I fall under a Midwestern dialect but have not really thought of myself as sounding Midwestern or Southern even though it's the most common dialect found in where I grew up. But mine changes from location to location. I used words and phrases in Australia that where considered normal that I just wouldn't say in Oklahoma. After some time, they even became natural to say. It almost amazed me in how my brain could switch back and forth naturally in using these in the proper environment.
Australian -
Taking the piss out of someone = Making fun of someone.
Mate = Substitute for "Dude" or "Guy". It becomes pretty easy after a while.
Good on ya = "Good Job"
Oklahoman-
Yaw'l = from "you all", = "Are you all going somewhere?"
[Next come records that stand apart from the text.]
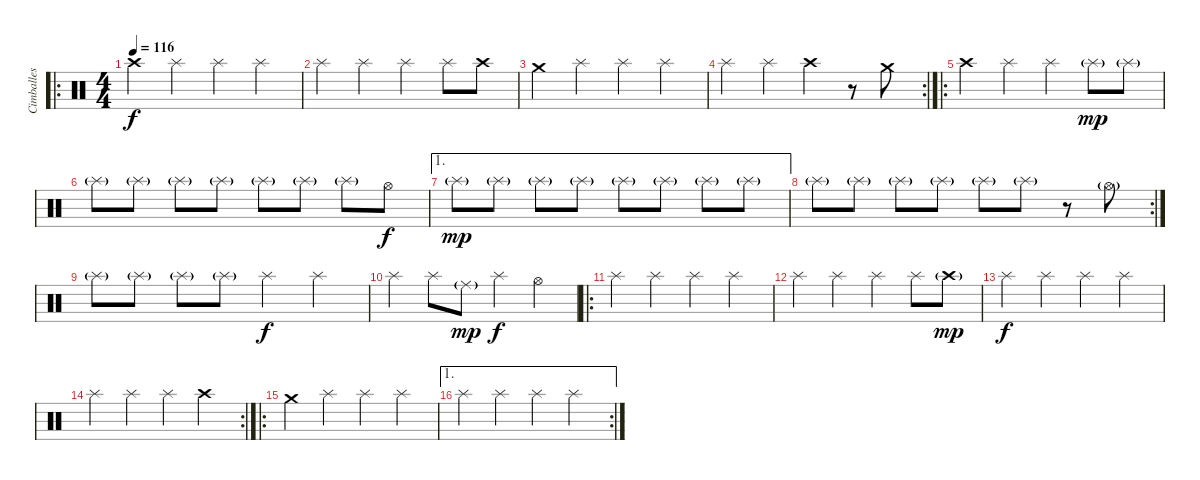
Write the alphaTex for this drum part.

\track ("Cimballes" "Cimballes") {instrument percussion}
\staff {score}
\articulation defaults
\ro
\ts (4 4)
\tempo 116
\clef neutral
\ks c "Crash high (hit)".4{dy f} "Splash (hit)".4 "Splash (hit)".4 "Splash (hit)".4
|
"Splash (hit)".4 "Splash (hit)".4 "Splash (hit)".4 "Splash (hit)".8 "Crash high (hit)".8 |
"Crash medium (hit)".4 "Splash (hit)".4 "Splash (hit)".4 "Splash (hit)".4 |
\rc 2 "Splash (hit)".4 "Splash (hit)".4 "Crash high (hit)".4
r.8 "Crash medium (hit)".8 |
\ro "Crash high (hit)".4 "Splash (hit)".4 "Splash (hit)".4 "Splash (hit)"{g}.8{dy mp} "Splash (hit)"{g}.8
|
"Splash (hit)"{g}.8 "Splash (hit)"{g}.8 "Splash (hit)"{g}.8 "Splash (hit)"{g}.8 "Splash (hit)"{g}.8 "Splash (hit)"{g}.8 "Splash (hit)"{g}.8 "Hi-Hat (open)".8{dy f} |
\ae 1 "Splash (hit)"{g}.8{dy mp} "Splash (hit)"{g}.8 "Splash (hit)"{g}.8 "Splash (hit)"{g}.8 "Splash (hit)"{g}.8 "Splash (hit)"{g}.8 "Splash (hit)"{g}.8 "Splash (hit)"{g}.8
|
\rc 2 "Splash (hit)"{g}.8 "Splash (hit)"{g}.8 "Splash (hit)"{g}.8 "Splash (hit)"{g}.8 "Splash (hit)"{g}.8 "Splash (hit)"{g}.8
r.8 "Hi-Hat (open)"{g}.8 |
"Splash (hit)"{g}.8 "Splash (hit)"{g}.8 "Splash (hit)"{g}.8 "Splash (hit)"{g}.8 "Splash (hit)".4{dy f} "Splash (hit)".4 |
"Splash (hit)".4 "Splash (hit)".8 "Ride (middle)"{g}.8{dy mp} "Splash (hit)".4{dy f} "Hi-Hat (open)".4 |
\ro "Splash (hit)".4 "Splash (hit)".4 "Splash (hit)".4 "Splash (hit)".4
|
"Splash (hit)".4 "Splash (hit)".4 "Splash (hit)".4 "Splash (hit)".8 "Crash high (hit)"{g}.8{dy mp} |
"Splash (hit)".4{dy f} "Splash (hit)".4 "Splash (hit)".4 "Splash (hit)".4 |
\rc 2 "Splash (hit)".4 "Splash (hit)".4 "Splash (hit)".4 "Crash high (hit)".4
|
\ro "Crash medium (hit)".4 "Splash (hit)".4 "Splash (hit)".4 "Splash (hit)".4
|
\ae 1
\rc 2 "Splash (hit)".4 "Splash (hit)".4 "Splash (hit)".4 "Splash (hit)".4

Fixinto = As in "I am fixing to go somewhere" (yes, I do still say it some times)
As the website points out as well in Midwestern dialect, pronouncing the differences in words like Cot and Caught and Don and Dawn. I say these words exactly the same even though they should be said differently. When I do however, even if it is correct, it sounds pretentious so I just don't. It's like listening to Madona try and sound English.
Interestingly, the Midwestern dialect is the group that most largely proclaims they don't have an accent. I thought that as well at one time. It was pointed out to me by my several trips back and forth to Australia that every time I returned, my Midwestern / Southern accent had a bit more notice to it for a short while. Every time I speak to my cousin in Los Angeles, it seems to reach maximum southerness.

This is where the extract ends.